> WHAT NEEDS TO BE DONE:
From the entries that follow, list every line in which the string "Give" appears.

> RECORDED DATA:
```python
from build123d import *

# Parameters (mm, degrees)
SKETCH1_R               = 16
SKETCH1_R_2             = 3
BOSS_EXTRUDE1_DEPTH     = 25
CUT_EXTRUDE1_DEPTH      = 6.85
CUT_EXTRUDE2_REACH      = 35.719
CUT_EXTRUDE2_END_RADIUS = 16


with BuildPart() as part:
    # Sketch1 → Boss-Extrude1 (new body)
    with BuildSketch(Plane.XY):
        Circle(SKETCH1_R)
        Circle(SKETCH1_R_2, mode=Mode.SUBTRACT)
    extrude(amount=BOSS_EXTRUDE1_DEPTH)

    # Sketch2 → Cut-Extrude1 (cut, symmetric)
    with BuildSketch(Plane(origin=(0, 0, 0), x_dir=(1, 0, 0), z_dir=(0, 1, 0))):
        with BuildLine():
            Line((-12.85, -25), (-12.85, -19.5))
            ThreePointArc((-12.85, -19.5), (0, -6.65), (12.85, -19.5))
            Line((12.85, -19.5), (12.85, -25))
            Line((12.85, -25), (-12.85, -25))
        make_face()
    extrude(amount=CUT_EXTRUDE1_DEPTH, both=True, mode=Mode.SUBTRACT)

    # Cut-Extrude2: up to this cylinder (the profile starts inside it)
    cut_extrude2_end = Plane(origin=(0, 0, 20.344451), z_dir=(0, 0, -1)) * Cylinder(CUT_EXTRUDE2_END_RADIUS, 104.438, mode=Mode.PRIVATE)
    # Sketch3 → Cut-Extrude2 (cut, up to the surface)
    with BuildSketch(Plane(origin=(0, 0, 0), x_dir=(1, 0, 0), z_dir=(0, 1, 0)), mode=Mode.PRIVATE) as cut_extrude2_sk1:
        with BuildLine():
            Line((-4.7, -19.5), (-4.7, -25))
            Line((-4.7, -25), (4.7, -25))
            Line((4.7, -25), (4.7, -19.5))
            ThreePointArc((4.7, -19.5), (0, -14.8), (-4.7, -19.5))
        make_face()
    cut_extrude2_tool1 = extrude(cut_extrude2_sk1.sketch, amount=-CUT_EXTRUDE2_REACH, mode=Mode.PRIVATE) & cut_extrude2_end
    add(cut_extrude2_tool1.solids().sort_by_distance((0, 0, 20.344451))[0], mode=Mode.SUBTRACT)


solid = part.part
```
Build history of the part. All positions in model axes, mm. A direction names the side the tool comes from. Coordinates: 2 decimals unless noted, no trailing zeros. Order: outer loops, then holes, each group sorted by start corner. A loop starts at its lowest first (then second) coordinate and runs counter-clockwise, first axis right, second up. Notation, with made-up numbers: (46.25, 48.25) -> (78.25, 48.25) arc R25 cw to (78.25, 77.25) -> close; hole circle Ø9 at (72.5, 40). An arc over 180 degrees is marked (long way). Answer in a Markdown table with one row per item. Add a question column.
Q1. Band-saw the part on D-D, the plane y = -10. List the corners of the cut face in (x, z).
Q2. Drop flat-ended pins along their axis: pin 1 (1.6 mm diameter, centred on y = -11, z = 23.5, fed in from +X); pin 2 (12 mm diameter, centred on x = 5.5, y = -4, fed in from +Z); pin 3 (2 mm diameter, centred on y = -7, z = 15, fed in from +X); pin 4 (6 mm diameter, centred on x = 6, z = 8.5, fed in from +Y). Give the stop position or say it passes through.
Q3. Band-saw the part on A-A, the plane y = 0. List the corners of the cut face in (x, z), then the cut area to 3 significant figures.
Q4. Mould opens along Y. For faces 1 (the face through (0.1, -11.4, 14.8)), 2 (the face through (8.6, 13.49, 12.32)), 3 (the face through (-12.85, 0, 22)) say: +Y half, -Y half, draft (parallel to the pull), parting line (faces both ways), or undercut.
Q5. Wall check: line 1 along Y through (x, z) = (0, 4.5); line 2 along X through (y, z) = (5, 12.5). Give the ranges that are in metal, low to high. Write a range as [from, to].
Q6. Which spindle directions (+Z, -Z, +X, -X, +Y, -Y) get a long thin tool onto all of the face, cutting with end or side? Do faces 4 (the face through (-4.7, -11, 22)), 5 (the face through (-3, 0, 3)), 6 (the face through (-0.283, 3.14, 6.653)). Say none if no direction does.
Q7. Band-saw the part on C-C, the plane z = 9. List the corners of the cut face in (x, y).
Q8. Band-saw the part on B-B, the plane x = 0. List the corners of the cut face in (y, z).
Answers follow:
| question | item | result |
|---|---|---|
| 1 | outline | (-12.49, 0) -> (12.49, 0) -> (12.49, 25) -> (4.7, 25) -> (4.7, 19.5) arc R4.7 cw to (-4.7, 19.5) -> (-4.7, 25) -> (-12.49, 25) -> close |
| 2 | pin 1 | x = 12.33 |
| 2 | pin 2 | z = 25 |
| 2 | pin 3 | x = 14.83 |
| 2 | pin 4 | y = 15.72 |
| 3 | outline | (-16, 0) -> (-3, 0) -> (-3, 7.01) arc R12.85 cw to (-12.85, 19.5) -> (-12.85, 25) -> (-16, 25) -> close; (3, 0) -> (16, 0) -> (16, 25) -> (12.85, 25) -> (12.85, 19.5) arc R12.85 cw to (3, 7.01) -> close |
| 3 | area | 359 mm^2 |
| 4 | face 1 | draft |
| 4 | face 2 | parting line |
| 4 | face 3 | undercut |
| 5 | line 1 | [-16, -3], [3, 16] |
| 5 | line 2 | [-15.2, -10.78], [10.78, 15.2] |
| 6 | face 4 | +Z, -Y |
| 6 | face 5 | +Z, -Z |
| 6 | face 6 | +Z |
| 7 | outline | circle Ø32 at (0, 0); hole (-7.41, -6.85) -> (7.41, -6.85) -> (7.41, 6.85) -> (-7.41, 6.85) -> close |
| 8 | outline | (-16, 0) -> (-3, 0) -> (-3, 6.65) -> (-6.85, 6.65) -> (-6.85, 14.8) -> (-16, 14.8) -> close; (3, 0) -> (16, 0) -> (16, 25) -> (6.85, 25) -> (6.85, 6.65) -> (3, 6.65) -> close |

> RESPONSE AREA:
Q2. Drop flat-ended pins along their axis: pin 1 (1.6 mm diameter, centred on y = -11, z = 23.5, fed in from +X); pin 2 (12 mm diameter, centred on x = 5.5, y = -4, fed in from +Z); pin 3 (2 mm diameter, centred on y = -7, z = 15, fed in from +X); pin 4 (6 mm diameter, centred on x = 6, z = 8.5, fed in from +Y). Give the stop position or say it passes through.
Q5. Wall check: line 1 along Y through (x, z) = (0, 4.5); line 2 along X through (y, z) = (5, 12.5). Give the ranges that are in metal, low to high. Write a range as [from, to].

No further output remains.